Text only, exactly as given: reproduce the entries below without their pictures.

Excerpted data
§ §
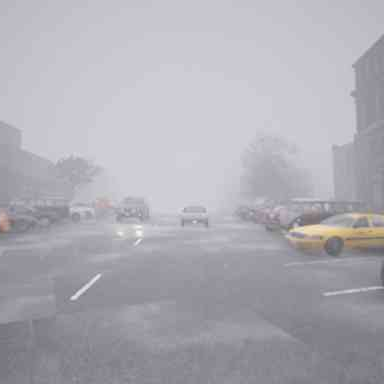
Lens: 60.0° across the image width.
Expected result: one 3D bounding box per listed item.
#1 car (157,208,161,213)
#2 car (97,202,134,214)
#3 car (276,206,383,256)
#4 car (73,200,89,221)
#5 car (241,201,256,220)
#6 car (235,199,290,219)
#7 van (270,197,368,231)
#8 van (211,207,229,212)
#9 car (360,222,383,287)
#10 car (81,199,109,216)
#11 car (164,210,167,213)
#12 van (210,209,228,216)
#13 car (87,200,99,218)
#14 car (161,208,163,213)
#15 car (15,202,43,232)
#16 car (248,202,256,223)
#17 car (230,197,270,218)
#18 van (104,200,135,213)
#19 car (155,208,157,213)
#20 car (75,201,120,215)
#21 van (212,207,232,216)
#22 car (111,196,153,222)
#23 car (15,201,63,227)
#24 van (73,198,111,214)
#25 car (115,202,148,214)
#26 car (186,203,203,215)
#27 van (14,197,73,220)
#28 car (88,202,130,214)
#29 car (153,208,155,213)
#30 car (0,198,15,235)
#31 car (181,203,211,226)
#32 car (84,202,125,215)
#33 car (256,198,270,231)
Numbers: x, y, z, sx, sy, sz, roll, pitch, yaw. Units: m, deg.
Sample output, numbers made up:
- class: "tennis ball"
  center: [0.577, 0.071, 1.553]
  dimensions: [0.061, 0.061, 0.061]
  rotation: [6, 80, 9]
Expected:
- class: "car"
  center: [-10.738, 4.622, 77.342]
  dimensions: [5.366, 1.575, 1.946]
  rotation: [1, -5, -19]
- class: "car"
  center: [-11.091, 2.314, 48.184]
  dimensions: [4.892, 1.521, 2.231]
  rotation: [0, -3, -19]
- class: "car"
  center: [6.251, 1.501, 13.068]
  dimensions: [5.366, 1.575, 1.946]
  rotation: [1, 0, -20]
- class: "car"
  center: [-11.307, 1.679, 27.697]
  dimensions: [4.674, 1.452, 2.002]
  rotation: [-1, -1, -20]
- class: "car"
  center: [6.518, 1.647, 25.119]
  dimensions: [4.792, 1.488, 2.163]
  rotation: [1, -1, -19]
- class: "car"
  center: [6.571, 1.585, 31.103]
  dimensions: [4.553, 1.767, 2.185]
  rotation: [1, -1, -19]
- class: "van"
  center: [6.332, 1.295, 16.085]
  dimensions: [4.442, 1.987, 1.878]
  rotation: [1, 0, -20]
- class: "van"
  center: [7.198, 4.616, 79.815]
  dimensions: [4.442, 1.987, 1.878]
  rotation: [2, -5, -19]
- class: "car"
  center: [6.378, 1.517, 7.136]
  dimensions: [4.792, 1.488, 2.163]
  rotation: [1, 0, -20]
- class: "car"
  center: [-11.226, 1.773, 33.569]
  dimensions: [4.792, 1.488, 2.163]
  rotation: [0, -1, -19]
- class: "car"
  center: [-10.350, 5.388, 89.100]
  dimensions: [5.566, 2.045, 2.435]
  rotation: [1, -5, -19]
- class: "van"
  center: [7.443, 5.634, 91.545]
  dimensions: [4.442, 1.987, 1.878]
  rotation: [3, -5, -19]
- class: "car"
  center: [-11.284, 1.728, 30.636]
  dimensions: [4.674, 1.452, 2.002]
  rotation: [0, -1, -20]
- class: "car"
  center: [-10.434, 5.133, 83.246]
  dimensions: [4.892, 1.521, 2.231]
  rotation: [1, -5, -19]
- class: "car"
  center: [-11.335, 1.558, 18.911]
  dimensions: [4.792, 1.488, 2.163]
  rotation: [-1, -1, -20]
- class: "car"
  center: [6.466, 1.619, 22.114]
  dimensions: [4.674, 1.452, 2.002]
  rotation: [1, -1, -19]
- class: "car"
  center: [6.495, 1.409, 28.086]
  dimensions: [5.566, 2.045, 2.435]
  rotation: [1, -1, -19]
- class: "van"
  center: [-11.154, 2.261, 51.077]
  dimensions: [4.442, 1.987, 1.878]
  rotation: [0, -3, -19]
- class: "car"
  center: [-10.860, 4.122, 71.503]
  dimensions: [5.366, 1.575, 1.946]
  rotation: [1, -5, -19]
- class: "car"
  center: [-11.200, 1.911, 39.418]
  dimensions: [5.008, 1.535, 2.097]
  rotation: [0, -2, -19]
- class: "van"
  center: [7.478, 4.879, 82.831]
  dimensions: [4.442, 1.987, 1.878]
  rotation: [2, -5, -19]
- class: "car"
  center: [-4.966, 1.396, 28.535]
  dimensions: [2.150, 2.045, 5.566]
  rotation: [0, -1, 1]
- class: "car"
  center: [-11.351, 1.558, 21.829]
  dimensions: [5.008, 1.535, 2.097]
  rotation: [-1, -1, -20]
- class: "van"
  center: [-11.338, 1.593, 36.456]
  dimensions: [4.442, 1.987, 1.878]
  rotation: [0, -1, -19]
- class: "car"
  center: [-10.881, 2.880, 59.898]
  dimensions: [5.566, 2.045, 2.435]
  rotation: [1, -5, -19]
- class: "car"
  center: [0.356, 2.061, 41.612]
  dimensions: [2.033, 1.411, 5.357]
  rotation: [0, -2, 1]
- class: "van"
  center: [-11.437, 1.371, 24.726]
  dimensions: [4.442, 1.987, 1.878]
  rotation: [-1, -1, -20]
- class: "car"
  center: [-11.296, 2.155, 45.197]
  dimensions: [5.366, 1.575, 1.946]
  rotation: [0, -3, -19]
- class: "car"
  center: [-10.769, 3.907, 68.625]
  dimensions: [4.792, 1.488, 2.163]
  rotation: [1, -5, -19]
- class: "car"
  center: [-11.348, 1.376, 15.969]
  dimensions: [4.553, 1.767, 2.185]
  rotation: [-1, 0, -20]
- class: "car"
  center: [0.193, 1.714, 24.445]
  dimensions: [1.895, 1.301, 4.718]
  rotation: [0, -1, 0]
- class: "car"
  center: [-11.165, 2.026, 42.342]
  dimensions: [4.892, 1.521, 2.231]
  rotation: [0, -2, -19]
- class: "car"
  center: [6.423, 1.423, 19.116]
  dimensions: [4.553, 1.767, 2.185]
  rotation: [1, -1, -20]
§ §
The completed task
Lens: 60.0° across the image width.
Expected result: one 3D bounding box per listed item.
#1 car (157,208,161,213)
#2 car (97,202,134,214)
#3 car (276,206,383,256)
#4 car (73,200,89,221)
#5 car (241,201,256,220)
#6 car (235,199,290,219)
#7 van (270,197,368,231)
#8 van (211,207,229,212)
#9 car (360,222,383,287)
#10 car (81,199,109,216)
#11 car (164,210,167,213)
#12 van (210,209,228,216)
#13 car (87,200,99,218)
#14 car (161,208,163,213)
#15 car (15,202,43,232)
#16 car (248,202,256,223)
#17 car (230,197,270,218)
#18 van (104,200,135,213)
#19 car (155,208,157,213)
#20 car (75,201,120,215)
#21 van (212,207,232,216)
#22 car (111,196,153,222)
#23 car (15,201,63,227)
#24 van (73,198,111,214)
#25 car (115,202,148,214)
#26 car (186,203,203,215)
#27 van (14,197,73,220)
#28 car (88,202,130,214)
#29 car (153,208,155,213)
#30 car (0,198,15,235)
#31 car (181,203,211,226)
#32 car (84,202,125,215)
#33 car (256,198,270,231)
Numbers: x, y, z, sx, sy, sz, roll, pitch, yaw. Units: m, deg.
Sample output, numbers made up:
- class: "tennis ball"
  center: [0.577, 0.071, 1.553]
  dimensions: [0.061, 0.061, 0.061]
  rotation: [6, 80, 9]
Expected:
- class: "car"
  center: [-10.738, 4.622, 77.342]
  dimensions: [5.366, 1.575, 1.946]
  rotation: [1, -5, -19]
- class: "car"
  center: [-11.091, 2.314, 48.184]
  dimensions: [4.892, 1.521, 2.231]
  rotation: [0, -3, -19]
- class: "car"
  center: [6.251, 1.501, 13.068]
  dimensions: [5.366, 1.575, 1.946]
  rotation: [1, 0, -20]
- class: "car"
  center: [-11.307, 1.679, 27.697]
  dimensions: [4.674, 1.452, 2.002]
  rotation: [-1, -1, -20]
- class: "car"
  center: [6.518, 1.647, 25.119]
  dimensions: [4.792, 1.488, 2.163]
  rotation: [1, -1, -19]
- class: "car"
  center: [6.571, 1.585, 31.103]
  dimensions: [4.553, 1.767, 2.185]
  rotation: [1, -1, -19]
- class: "van"
  center: [6.332, 1.295, 16.085]
  dimensions: [4.442, 1.987, 1.878]
  rotation: [1, 0, -20]
- class: "van"
  center: [7.198, 4.616, 79.815]
  dimensions: [4.442, 1.987, 1.878]
  rotation: [2, -5, -19]
- class: "car"
  center: [6.378, 1.517, 7.136]
  dimensions: [4.792, 1.488, 2.163]
  rotation: [1, 0, -20]
- class: "car"
  center: [-11.226, 1.773, 33.569]
  dimensions: [4.792, 1.488, 2.163]
  rotation: [0, -1, -19]
- class: "car"
  center: [-10.350, 5.388, 89.100]
  dimensions: [5.566, 2.045, 2.435]
  rotation: [1, -5, -19]
- class: "van"
  center: [7.443, 5.634, 91.545]
  dimensions: [4.442, 1.987, 1.878]
  rotation: [3, -5, -19]
- class: "car"
  center: [-11.284, 1.728, 30.636]
  dimensions: [4.674, 1.452, 2.002]
  rotation: [0, -1, -20]
- class: "car"
  center: [-10.434, 5.133, 83.246]
  dimensions: [4.892, 1.521, 2.231]
  rotation: [1, -5, -19]
- class: "car"
  center: [-11.335, 1.558, 18.911]
  dimensions: [4.792, 1.488, 2.163]
  rotation: [-1, -1, -20]
- class: "car"
  center: [6.466, 1.619, 22.114]
  dimensions: [4.674, 1.452, 2.002]
  rotation: [1, -1, -19]
- class: "car"
  center: [6.495, 1.409, 28.086]
  dimensions: [5.566, 2.045, 2.435]
  rotation: [1, -1, -19]
- class: "van"
  center: [-11.154, 2.261, 51.077]
  dimensions: [4.442, 1.987, 1.878]
  rotation: [0, -3, -19]
- class: "car"
  center: [-10.860, 4.122, 71.503]
  dimensions: [5.366, 1.575, 1.946]
  rotation: [1, -5, -19]
- class: "car"
  center: [-11.200, 1.911, 39.418]
  dimensions: [5.008, 1.535, 2.097]
  rotation: [0, -2, -19]
- class: "van"
  center: [7.478, 4.879, 82.831]
  dimensions: [4.442, 1.987, 1.878]
  rotation: [2, -5, -19]
- class: "car"
  center: [-4.966, 1.396, 28.535]
  dimensions: [2.150, 2.045, 5.566]
  rotation: [0, -1, 1]
- class: "car"
  center: [-11.351, 1.558, 21.829]
  dimensions: [5.008, 1.535, 2.097]
  rotation: [-1, -1, -20]
- class: "van"
  center: [-11.338, 1.593, 36.456]
  dimensions: [4.442, 1.987, 1.878]
  rotation: [0, -1, -19]
- class: "car"
  center: [-10.881, 2.880, 59.898]
  dimensions: [5.566, 2.045, 2.435]
  rotation: [1, -5, -19]
- class: "car"
  center: [0.356, 2.061, 41.612]
  dimensions: [2.033, 1.411, 5.357]
  rotation: [0, -2, 1]
- class: "van"
  center: [-11.437, 1.371, 24.726]
  dimensions: [4.442, 1.987, 1.878]
  rotation: [-1, -1, -20]
- class: "car"
  center: [-11.296, 2.155, 45.197]
  dimensions: [5.366, 1.575, 1.946]
  rotation: [0, -3, -19]
- class: "car"
  center: [-10.769, 3.907, 68.625]
  dimensions: [4.792, 1.488, 2.163]
  rotation: [1, -5, -19]
- class: "car"
  center: [-11.348, 1.376, 15.969]
  dimensions: [4.553, 1.767, 2.185]
  rotation: [-1, 0, -20]
- class: "car"
  center: [0.193, 1.714, 24.445]
  dimensions: [1.895, 1.301, 4.718]
  rotation: [0, -1, 0]
- class: "car"
  center: [-11.165, 2.026, 42.342]
  dimensions: [4.892, 1.521, 2.231]
  rotation: [0, -2, -19]
- class: "car"
  center: [6.423, 1.423, 19.116]
  dimensions: [4.553, 1.767, 2.185]
  rotation: [1, -1, -20]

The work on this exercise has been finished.